13. Acceptance criteria for this design document

  • Problem quantified with run evidence + regression test
  • Design principles (P1–P8) explicit and ranked
  • Component layout + indicator contract specified
  • Rollout plan in phases with exit criteria
  • Validation criteria (automated / functional / operational / perf / edge-case)
  • Risks + mitigations
  • Impact on ongoing P0-A stated
  • All open questions resolved (9/9) — see §11
  • Alternative approaches considered and rejected with rationale
  • Scaling semantics + multi-tenancy (§8bis, §8ter)
  • Committee review PASSED (session scores: Architect 9.0 / ML 9.0 / Data 8.5 / Crypto 8.5 / Ops 8.0, strong consensus, 13 recommendations integrated into v3)
  • Child issue of #599 created to execute Phases 0–4

This document is the spec of that child issue.


14. Committee submission (for §11 review)

Title: Stateful Enrichment Refactor — design review

Question (target score: 8+):

Review of documentation/../design/CVN-N005-stateful-enrichment.md before we commit to the 4-week refactor. The diagnostic phase is complete (#609, failing regression test, root cause identified as 500-bar rolling window vs full-history batch on Wilder / EMA / multi-tf indicators).

Three prior options were rejected (§8). The proposal (Option D) is: single stateful+incremental enrichment engine, shared by backtest and paper/live, proven parity by construction rather than by tolerance.

Committee review requested on:

  1. The non-negotiable constraint (§2.3, P1): is "one code path, same in backtest and live" the right hill to die on, or is there a principled way to have two paths that preserves backtest fidelity? (User veto of 2026-04-20 was blunt but we want the committee's independent read.)

  2. Indicator contract (§4.2): the bootstrap_state + update protocol. Sufficient for all indicator classes we face (simple recursive, ring buffer, Wilder, multi-timeframe, custom xgb_*)? Any class we've missed?

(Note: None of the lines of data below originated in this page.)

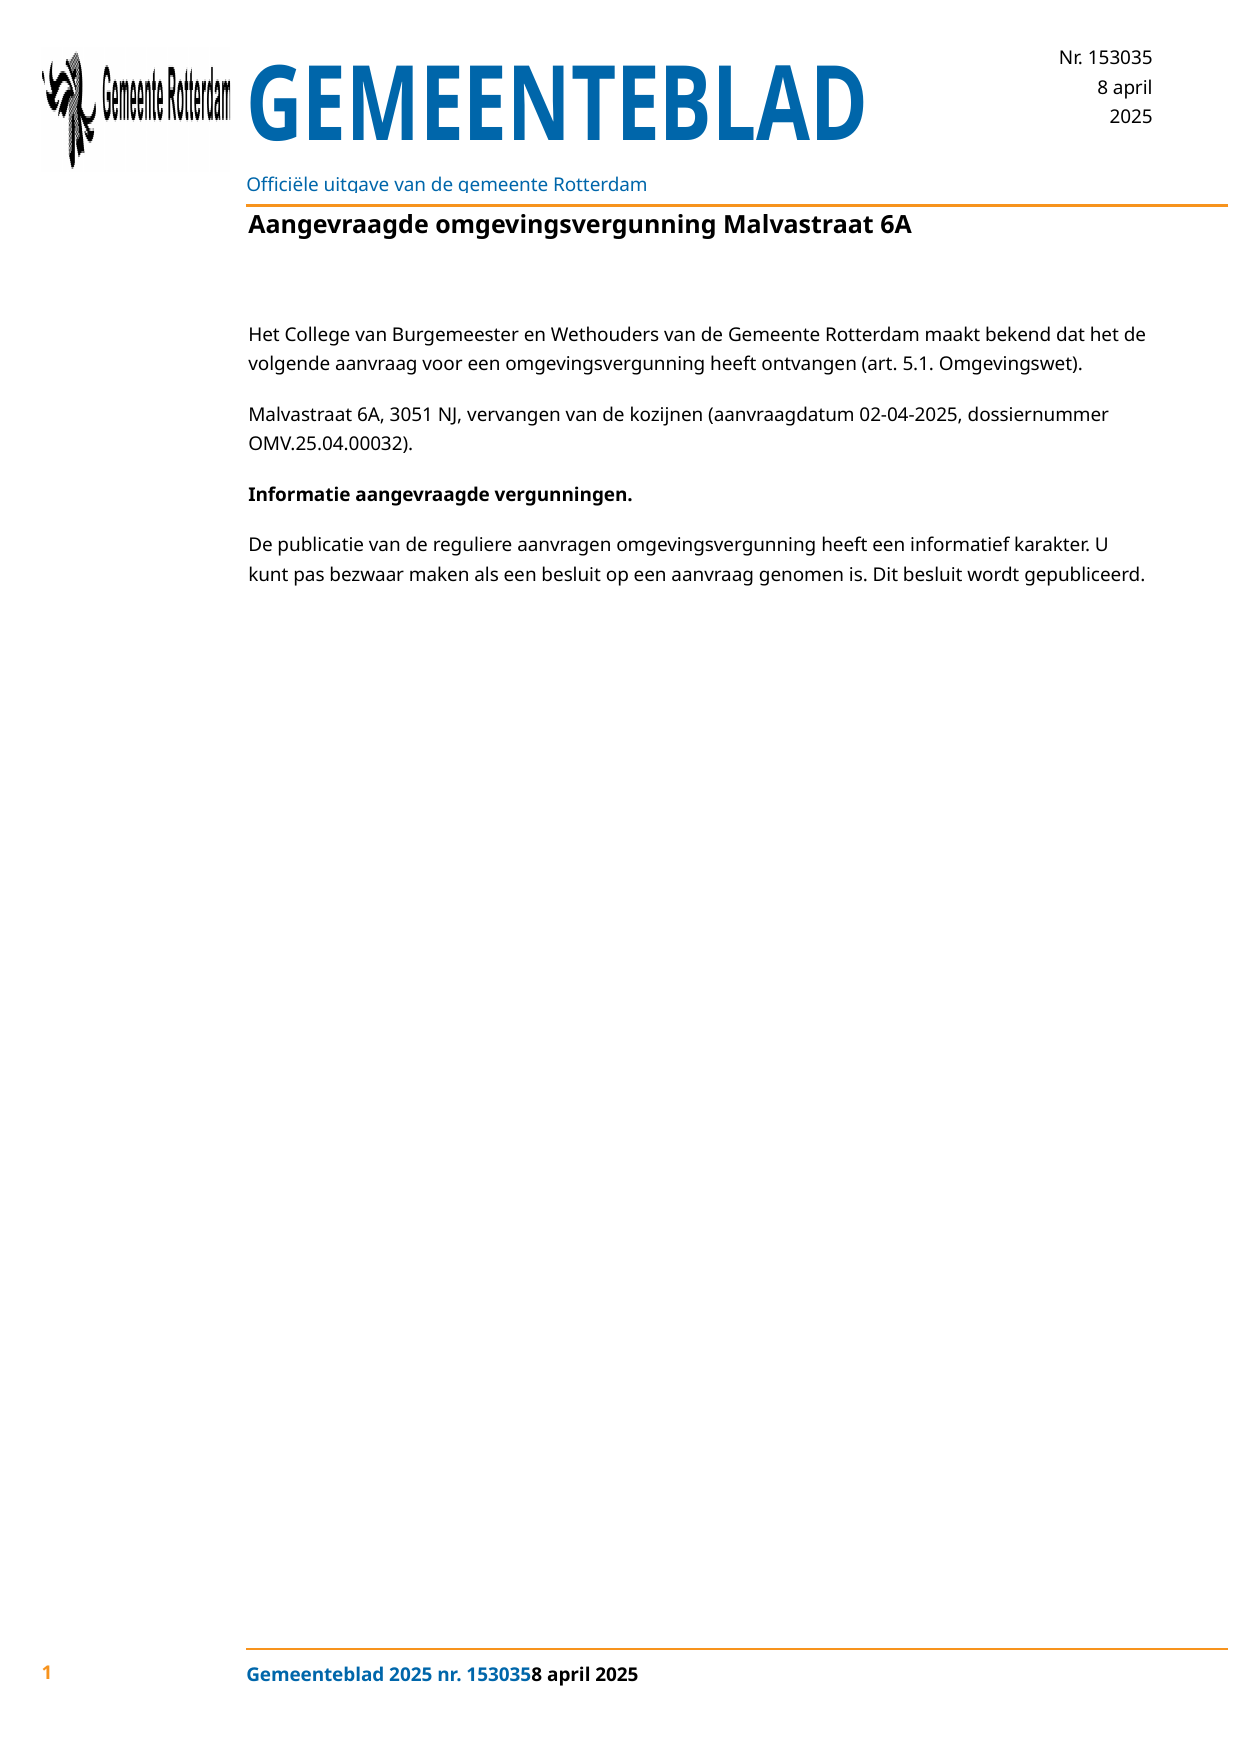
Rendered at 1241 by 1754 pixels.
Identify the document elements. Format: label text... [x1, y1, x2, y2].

picture [41, 47, 231, 172]
text Informatie aangevraagde vergunningen. [248, 481, 1152, 506]
text Het College van Burgemeester en Wethouders van de Gemeente Rotterdam maakt bekend dat het de volgende aanvraag voor een omgevingsvergunning heeft ontvangen (art. 5.1. Omgevingswet). [248, 321, 1152, 376]
text Malvastraat 6A, 3051 NJ, vervangen van de kozijnen (aanvraagdatum 02-04-2025, dossiernummer OMV.25.04.00032). [248, 401, 1152, 456]
text De publicatie van de reguliere aanvragen omgevingsvergunning heeft een informatief karakter. U kunt pas bezwaar maken als een besluit op een aanvraag genomen is. Dit besluit wordt gepubliceerd. [248, 531, 1152, 586]
text Aangevraagde omgevingsvergunning Malvastraat 6A [248, 207, 1152, 241]
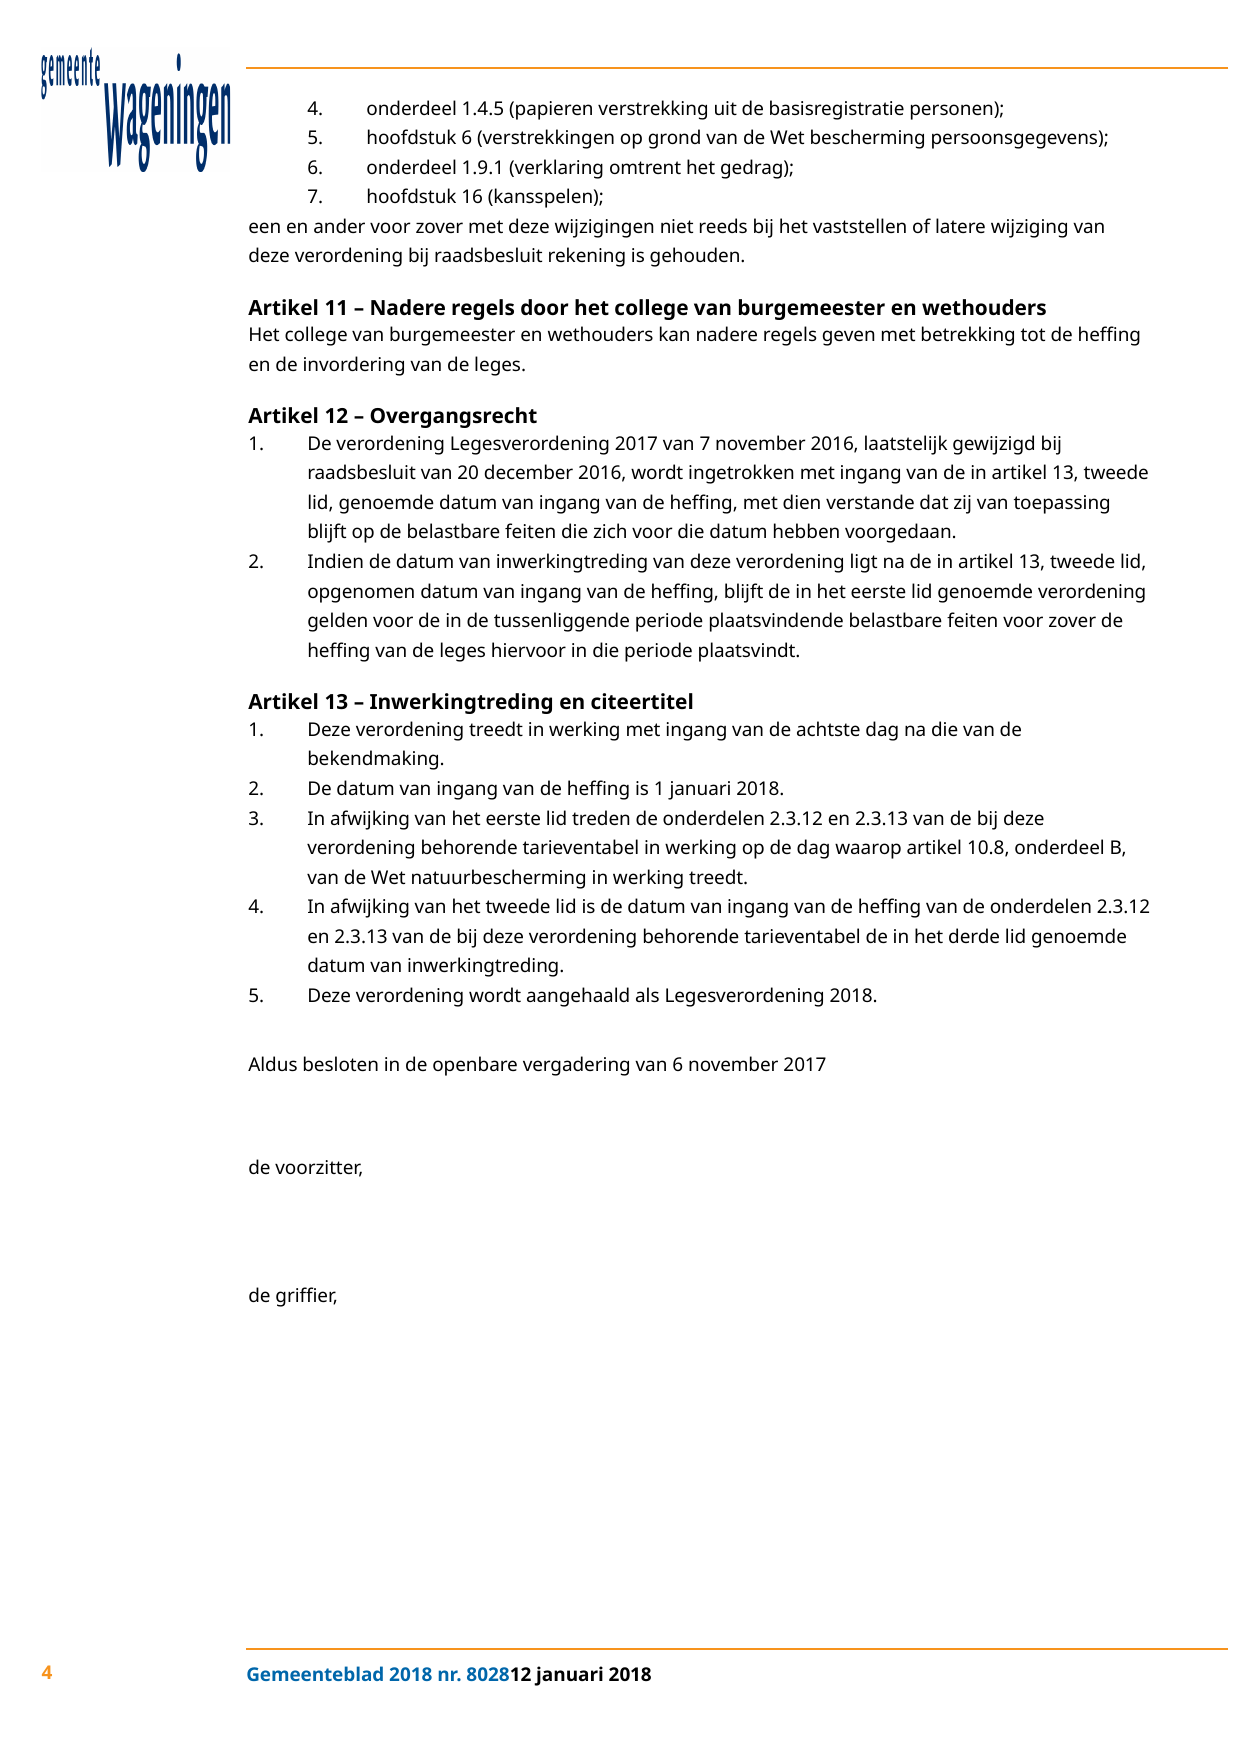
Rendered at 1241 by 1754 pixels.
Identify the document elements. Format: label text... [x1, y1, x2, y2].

list onderdeel 1.9.1 (verklaring omtrent het gedrag); [307, 154, 1152, 180]
text Artikel 13 – Inwerkingtreding en citeertitel [248, 687, 1152, 716]
picture [41, 47, 231, 172]
text Aldus besloten in de openbare vergadering van 6 november 2017 [248, 1051, 1152, 1077]
list hoofdstuk 6 (verstrekkingen op grond van de Wet bescherming persoonsgegevens); [307, 124, 1152, 150]
text Artikel 12 – Overgangsrecht [248, 402, 1152, 430]
text Artikel 11 – Nadere regels door het college van burgemeester en wethouders [248, 293, 1152, 322]
list Indien de datum van inwerkingtreding van deze verordening ligt na de in artikel 13, tweede lid, opgenomen datum van ingang van de heffing, blijft de in het eerste lid genoemde verordening gelden voor de in de tussenliggende periode plaatsvindende belastbare feiten voor zover de heffing van de leges hiervoor in die periode plaatsvindt. [248, 548, 1152, 663]
text de griffier, [248, 1283, 1152, 1308]
list onderdeel 1.4.5 (papieren verstrekking uit de basisregistratie personen); [307, 95, 1152, 121]
text een en ander voor zover met deze wijzigingen niet reeds bij het vaststellen of latere wijziging van deze verordening bij raadsbesluit rekening is gehouden. [248, 213, 1152, 268]
list hoofdstuk 16 (kansspelen); [307, 183, 1152, 209]
list In afwijking van het eerste lid treden de onderdelen 2.3.12 en 2.3.13 van de bij deze verordening behorende tarieventabel in werking op de dag waarop artikel 10.8, onderdeel B, van de Wet natuurbescherming in werking treedt. [248, 805, 1152, 889]
text Het college van burgemeester en wethouders kan nadere regels geven met betrekking tot de heffing en de invordering van de leges. [248, 322, 1152, 377]
list Deze verordening treedt in werking met ingang van de achtste dag na die van de bekendmaking. [248, 716, 1152, 771]
list In afwijking van het tweede lid is de datum van ingang van de heffing van de onderdelen 2.3.12 en 2.3.13 van de bij deze verordening behorende tarieventabel de in het derde lid genoemde datum van inwerkingtreding. [248, 893, 1152, 978]
list De datum van ingang van de heffing is 1 januari 2018. [248, 775, 1152, 801]
list De verordening Legesverordening 2017 van 7 november 2016, laatstelijk gewijzigd bij raadsbesluit van 20 december 2016, wordt ingetrokken met ingang van de in artikel 13, tweede lid, genoemde datum van ingang van de heffing, met dien verstande dat zij van toepassing blijft op de belastbare feiten die zich voor die datum hebben voorgedaan. [248, 430, 1152, 544]
text de voorzitter, [248, 1154, 1152, 1180]
list Deze verordening wordt aangehaald als Legesverordening 2018. [248, 982, 1152, 1008]

  3. Shadow-comparison harness (P7): is "run both paths, fail fast on divergence > tolerance" the right safety net, or do we need something stronger (e.g. production-blocking)?

  4. The 4-week estimate (§6): realistic for a team of 1? If no, what's the minimum staffing we should plan for?

  5. Scaling semantics (§8bis): is "explicit-state-threaded-through- pure-functions" the correct mental model, and is §8ter's shared-state / per-user-decisions separation sound? Specifically: are we right that enrichment state is never per-user, only per-(symbol, timeframe, feature_set_version)? Any use case the committee sees where a user would legitimately want "their own" enrichment without picking a different feature set?

  6. Open questions §11 (1–8): direction preferred on each, with rationale.

  7. Blind spots: what's the most expensive mistake we could make executing this plan that we haven't surfaced in §9?

Deliverable: per-expert opinion + consolidated verdict with named blockers if any.